There are four variants of the term “naskh” in as many verses in the Qur’an, and these are the subject of Chapter 3. Two use the term in the generic sense of “transcribe,” but the other two have been seen by scholars as providing support to the principle of abrogation. A detailed examination of both verses shows that neither refers to the concept of abrogation. In other words, the term “naskh” never appears in the Qur’an in the meaning it acquired in Islamic law.

There are two other verses that do not use the term “naskh” but which have been seen as referring to abrogation. Chapter 4 shows that, like the verses that have the word “naskh,” these verses have nothing to do with the principle of abrogation. Chapters 3 and 4 leave no doubt that abrogation is not a Qur’anic concept. This concept did not originate from the Qur’an but was read into it.

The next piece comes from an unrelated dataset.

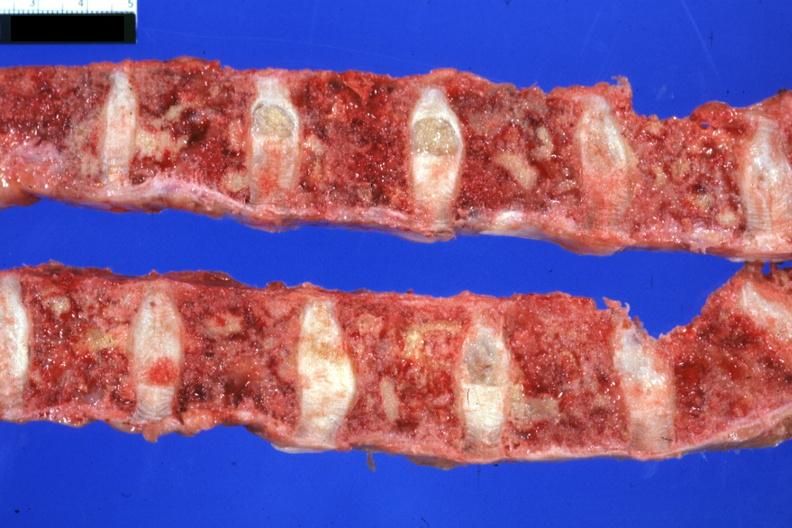what is excellent multiple lesions sigmoid?
Answer the question using a single word or phrase. Colon papillary adenocarcinoma 6mo post colon resection with complications

The shaky conceptual grounds on which abrogation stands must have had inconcealable practical consequences for the development of this principle. There must have been a lot of confusion about what abrogation exactly means and how it is applied. This, indeed, is what Chapter 5 illustrates. It first discusses differences between scholars about the concept of abrogation and then examines the type of mistakes scholars have made when applying their definitions of this concept. It then presents statistics showing the significant differences in identifying the number of abrogated verses according to a select group of scholars from different times.

Chapter 6 deals with the first of the three modes of abrogation: the abrogation of the ruling but not the wording of a Qur’anic verse or what I call “legal abrogation.” Many verses are said to have been abrogated in this manner. In this chapter, I review the six cases that have attracted the most agreement among scholars. All of these claims turn out to be based on misinterpretations of the verses in question.

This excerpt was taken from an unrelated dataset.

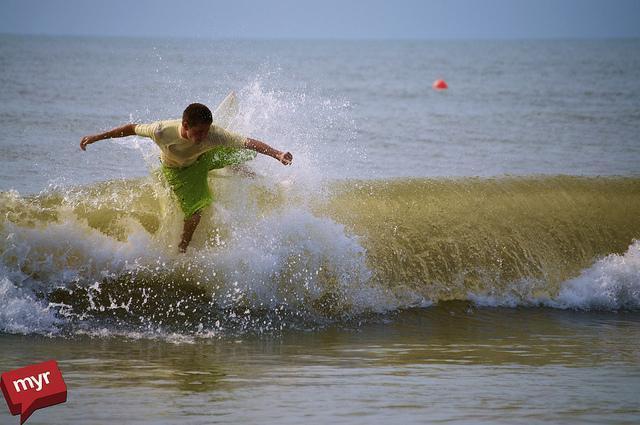How many baby elephants are there?
Give a very brief answer. 0.

One case may be claimed to be an instance of abrogation, but even in this solitary instance the non-abrogation interpretation is more plausible. One verse that is claimed to have abrogated numerous verses is what scholars have called “the verse of the sword.” This verse is claimed to have abrogated many verses that instruct Muslims to be tolerant to non-Muslims, accommodate other religions, show forgiveness, and seek peace. These abrogation claims have been used in modern times by terrorists who have committed various atrocities under the name of Islam. Chapter 7 shows that all those abrogation claims have no foundations in the Qur’an. They take the application of abrogation to a new level of absurdity. Although the subject of this chapter represents a specific alleged case of legal abrogation, I have given it its own chapter because of its significance in today’s world.

The case of the verse of the sword is particularly useful in elucidating how the principle of abrogation became itself a major driver for the growth of claims of abrogated verses. The list of verses that this verse is supposed to have abrogated continued to grow over time. Once the concept of abrogation was accepted, it started to be the source of various abrogation claims. Abrogation became one tool that could be called upon in legal and exegetical debates to substantiate one’s position.

The Ḥadīth makes a critical difference between the content of the “muṣḥaf” and the “Qur’an.” It claims that the muṣḥaf does not contain all Qur’anic verses, as some of these were “withdrawn” by God during the life of the Prophet and consequently not recorded in the muṣḥaf when it was compiled after his death. This withdrawal was at times performed by God making the Prophet and the Muslims forget verses that had been revealed, and at other times by the divine will ensuring that those verses were not included in the muṣḥaf. Chapter 8 demonstrates how the concept of withdrawn verses, which translates into the conclusion that the muṣḥaf does not contain all Qur’anic verses, is fundamentally flawed. The chapter also explains how one of the three modes of abrogation was introduced to present the alleged absence of some verses from the muṣḥaf as a divine act, thus averting any questioning of the process of compiling the muṣḥaf and, ultimately, the integrity of the latter.

The claim that the Prophet was made to forget some Qur’anic verses is a major driver in the development of the theory of abrogation, leading to the formulation of the legal-textual mode of abrogation. Indeed, it has broader implications for the history of the Qur’anic text. This is why I have dedicated Chapter 9 to a detailed discussion of it. I first show that the claim of forgotten verses has no foundation in the Qur’an. I then examine the Ḥadīth narratives that promote this notion and expose their serious problems.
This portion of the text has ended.